Records from a data source:
*-*-*
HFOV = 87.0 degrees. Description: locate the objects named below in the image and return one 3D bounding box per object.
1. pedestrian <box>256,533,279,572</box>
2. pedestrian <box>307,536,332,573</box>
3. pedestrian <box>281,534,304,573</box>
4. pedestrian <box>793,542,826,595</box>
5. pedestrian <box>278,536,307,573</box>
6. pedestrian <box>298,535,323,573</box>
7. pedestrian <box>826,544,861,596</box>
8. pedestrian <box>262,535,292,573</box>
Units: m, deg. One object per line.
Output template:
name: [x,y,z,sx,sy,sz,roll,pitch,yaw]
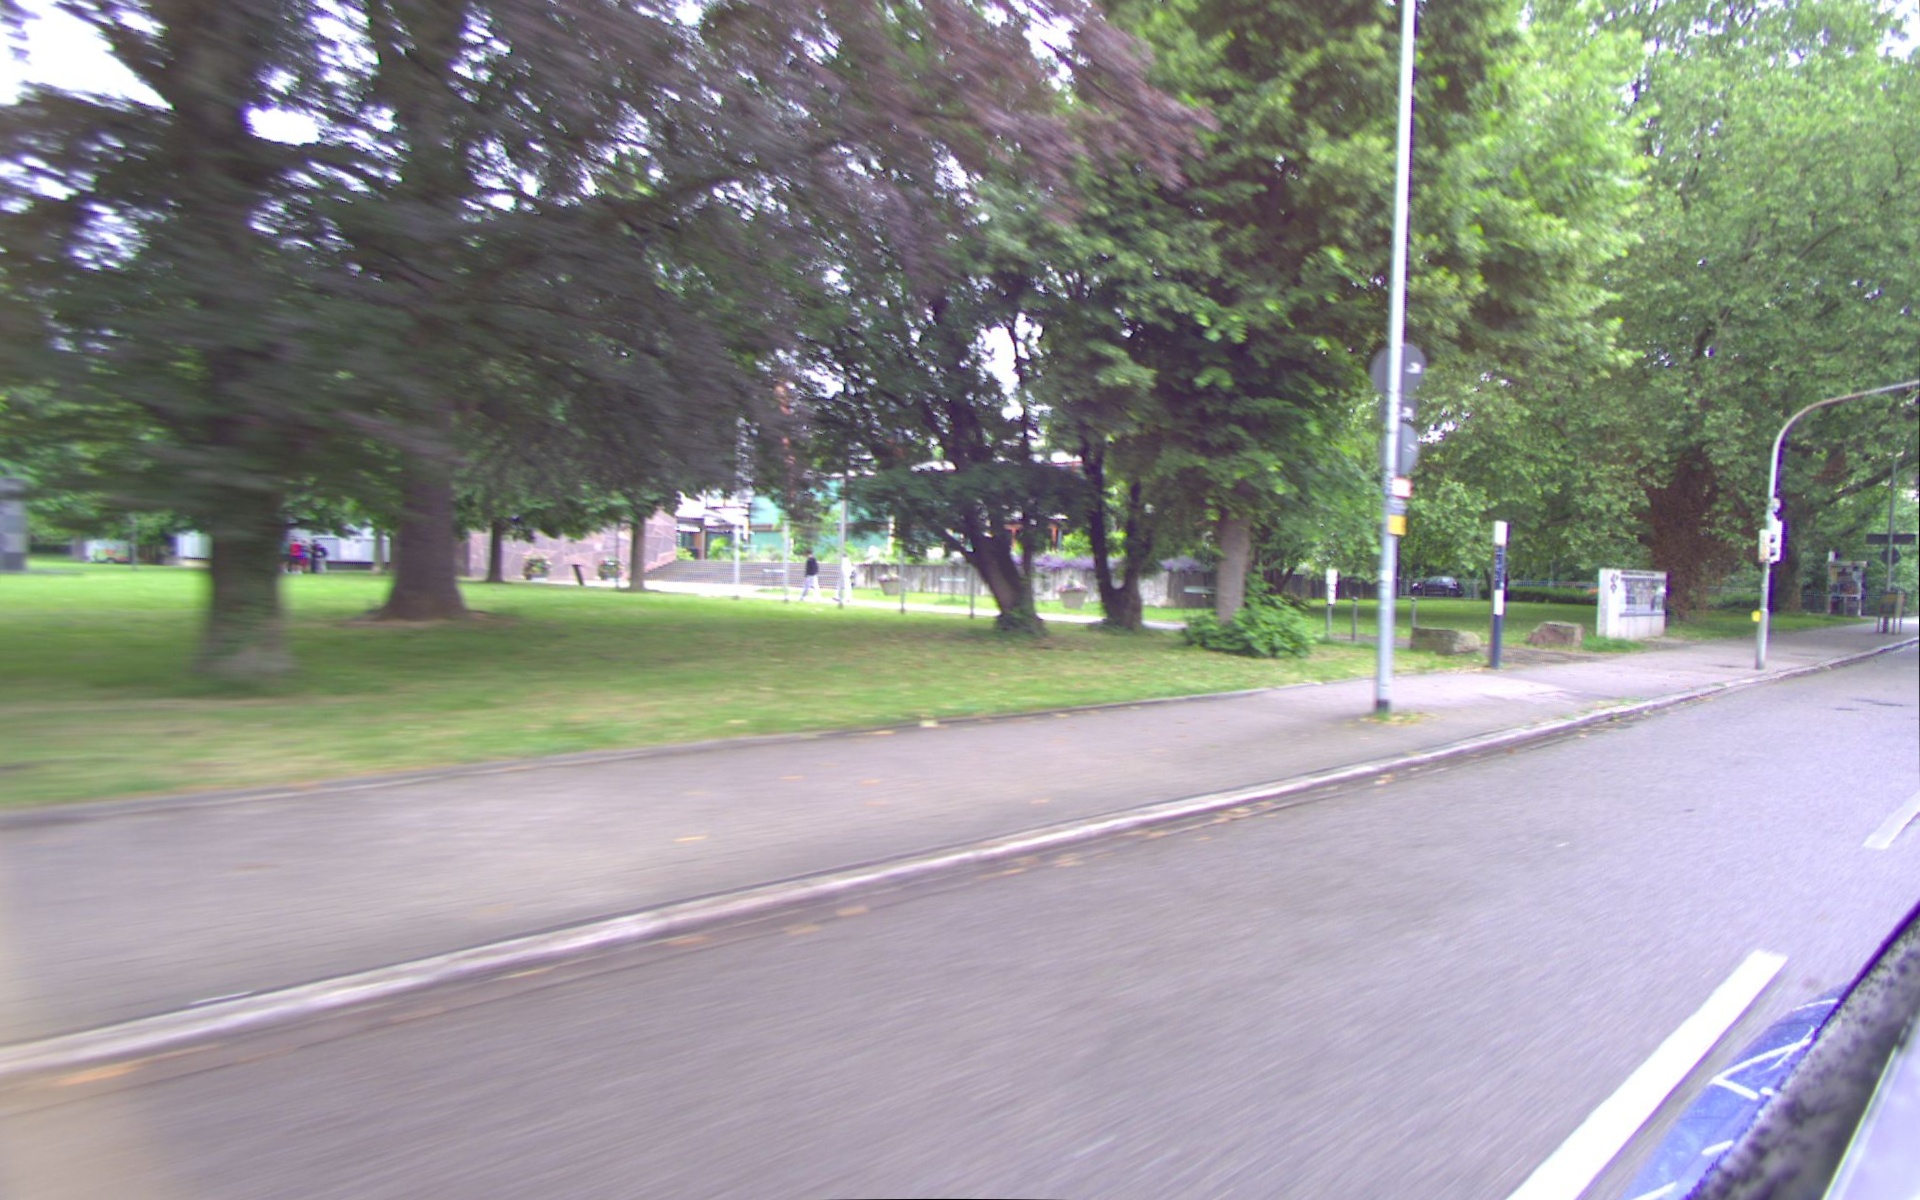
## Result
pedestrian: [-32.721,-2.215,47.797,0.824,1.785,0.859,-1,0,-30]
pedestrian: [-31.816,-2.262,50.309,0.767,1.785,0.830,-1,0,37]
pedestrian: [-31.812,-2.207,48.254,0.838,1.785,0.760,-1,0,44]
pedestrian: [-5.205,-1.066,34.934,0.838,1.785,0.760,-1,0,44]
pedestrian: [-32.812,-2.221,49.784,0.829,1.785,0.854,-1,0,16]
pedestrian: [-31.602,-2.236,49.218,0.838,1.785,0.845,-1,0,44]
pedestrian: [-4.094,-1.053,35.550,0.838,1.785,0.865,-1,0,44]
pedestrian: [-32.939,-2.215,48.811,0.825,1.785,0.858,-1,0,1]
*-*-*
__Work instruction__
Reproduce every line above containing "object".

__Result below__
HFOV = 87.0 degrees. Description: locate the objects named below in the image and return one 3D bounding box per object.
Units: m, deg. One object per line.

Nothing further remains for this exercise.